Ci si impegna per anni, lavorando duramente, rodendosi il fegato, soffrendo per gli insuccessi, logorandosi sotto lo sforzo profuso per andare avanti caparbiamente, convinti di poter fare qualcosa, di poter cambiare, o almeno scalfire il muro di ignoranza, insensibilità e superficialità che ci si para imponente davanti. Anni dedicati alla rivalutazione del rapporto uomo cane, al mettere in risalto il bisogno che l’uomo ha della relazione con l’alterità animale, ingrediente fondamentale, anzi vitale, per la nostra specie da che esiste. Impegno profondo, a più livelli, a 360 gradi; e le promesse fatte a creature che ingiustamente sono state rinchiuse, scacciate dalle case, magari solo perché ogni tanto fanno la muta; promesse che in cuor nostro non possono non essere fatte perché sono il reale carburante che ci sprona, il reale movente, il nutrimento che ci fa le spalle grosse: Ti ridarò una famiglia!
Sgretolare la convinzione che il cane sia uno strumento, un surrogato di una macchina (che mai avremo l’ingegno di costruire), che sia una creatura la cui esistenza è giustificata solo da una funzione o da un capriccio, che sia un suppellettile, un ninnolo alla moda, che sia una sorta di untore sozzo, latore di infezioni e malattie tremende per l’uomo, la convinzione che infondo sia lui il male peggiore del nostro mondo. Anni che passano, che ci invecchiano e ci fiaccano, anni nei quali i successi di cui gioire sono di gran lunga inferiori agli insuccessi, agli stravolgimenti che in un attimo riportano tutto indietro, come se nulla fosse mai stato fatto.

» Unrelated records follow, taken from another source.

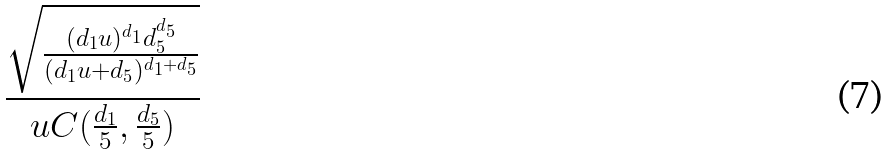Convert formula to latex. <formula><loc_0><loc_0><loc_500><loc_500>\frac { \sqrt { \frac { ( d _ { 1 } u ) ^ { d _ { 1 } } d _ { 5 } ^ { d _ { 5 } } } { ( d _ { 1 } u + d _ { 5 } ) ^ { d _ { 1 } + d _ { 5 } } } } } { u C ( \frac { d _ { 1 } } { 5 } , \frac { d _ { 5 } } { 5 } ) }</formula> 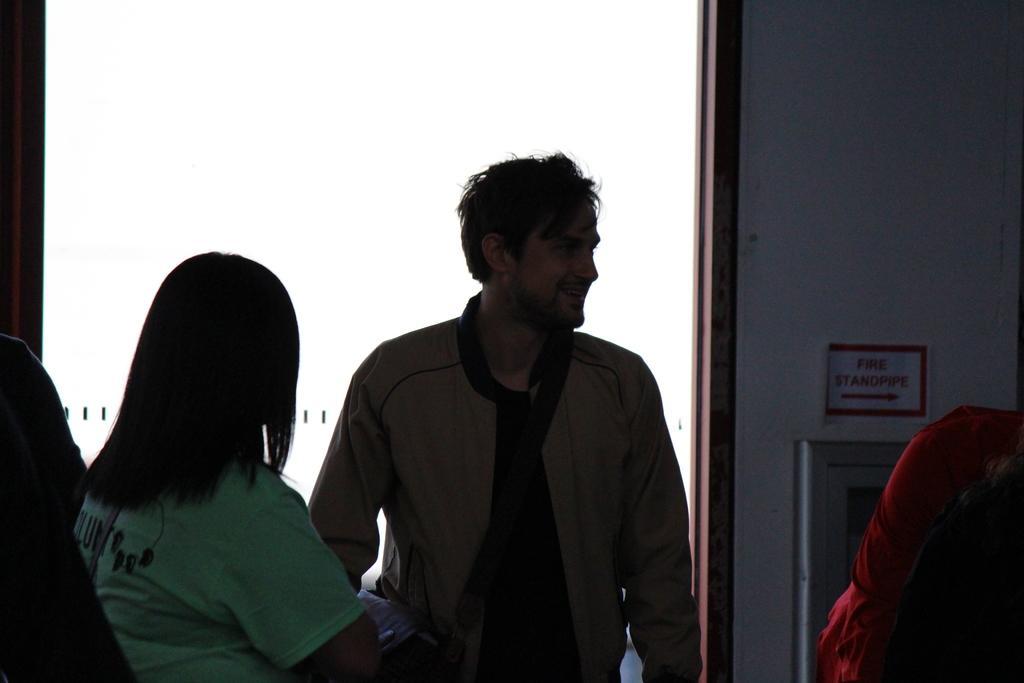Describe this image in one or two sentences. In this picture we can see two persons standing. Behind the two persons, there is a white background. On the right side of the image, there is a red colored object and there is a paper and an object attached to a wall. 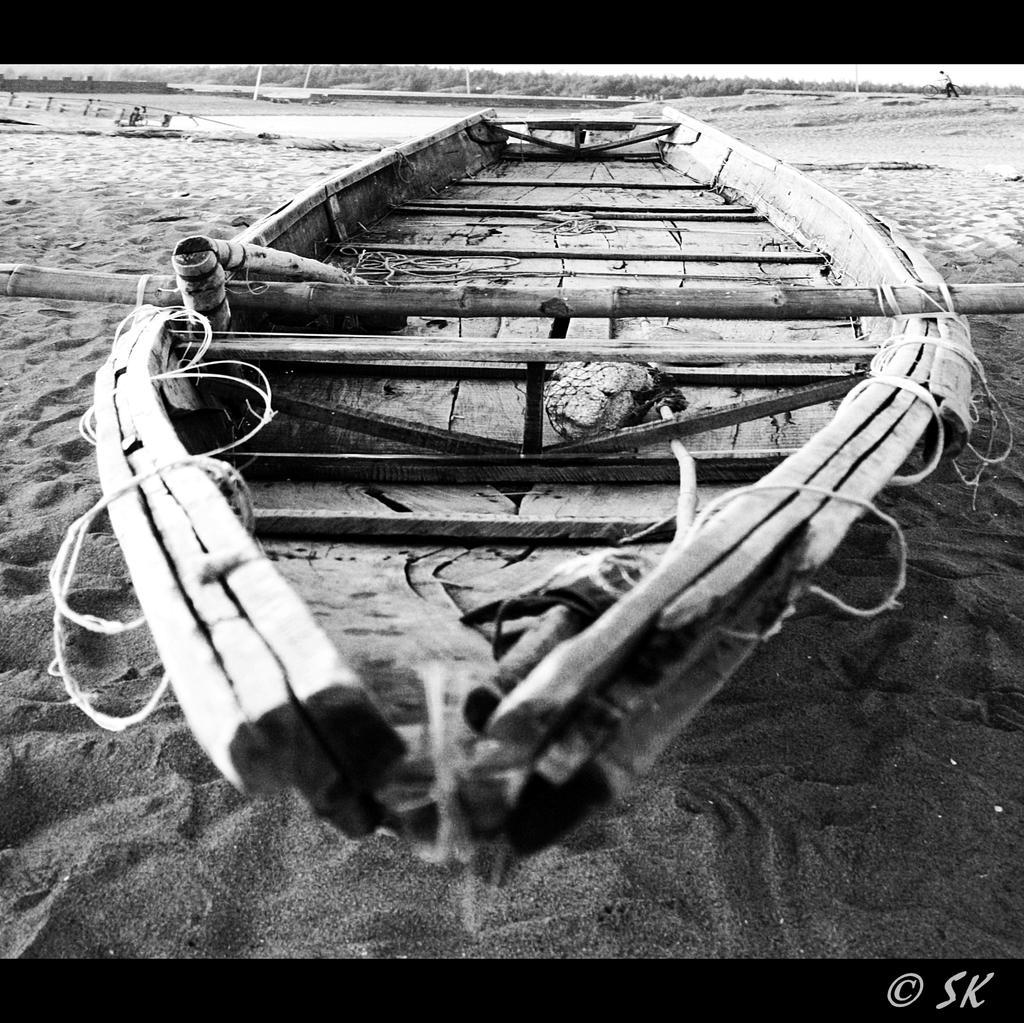In one or two sentences, can you explain what this image depicts? In this image we can see a boat placed on the sand, sea shore, trees and a person.

Permettetmi un po’ di sconforto, un lieve tentennamento, un vacillamento dopo gli eventi degli ultimi giorni. C’è da chiedersi se per tutto quanto fatto ne sia veramente valsa la pena quando basta che qualcuno, nella stanza dei bottoni, anche fosse l’ultimo arrivato, il meno preparato sull’argomento al quale non ha dedicato che qualche superficiale e sparuto pensierino, possa cancellare tutto quanto, per esempio riproponendo l’assurda idea di mettere un segno evidente ai cani cosiddetti pericolosi, per ottenere cosa poi? Che la gente si aggiri sospettosa e impaurita dai cani? Che di fronte ad un cane di media taglia, magari dal mantello nero ci si interroghi se quel cane che NON porta il segno non sia comunque pericoloso come il suo aspetto denuncia? Be’, consentitemi di dire che questo è già realtà, non ci vogliono né collari vistosi né chissà quali altri marchi si possano escogitare per creare diffidenza e paura, seppur infondata. E che dire dell’idea di Trenitalia? Cosa ci vuole di meglio perché i detrattori delle “bestie” annuiscano soddisfatti alla conferma di ciò che da sempre loro sostengono, e cioé che il cane è un animale sporco, infetto, e con lui il suo proprietario, uomo certo privo di un qualsiasi rispetto per l’igiene, sia della sua, di quella dei suoi figli e soprattutto di quella degli altri. Siamo in un paese che crede ancora che se il cane non può entrare in un locale pubblico questo dipenda da una normativa riguardante l’igiene e non al volere del gestore del locale, è un fattore culturale (anche se di culturale l’ignoranza ha ben poco) che spinge addirittura gli stessi proprietari di cani a storcere, alle volte, il naso nel vedere un cane accucciato sotto il tavolo di un ristorante, o all’idea che il cane possa tranquillamente frequentare con il suo compagno umano luoghi come i supermercati o i bar, luoghi dove cioé c’è del cibo.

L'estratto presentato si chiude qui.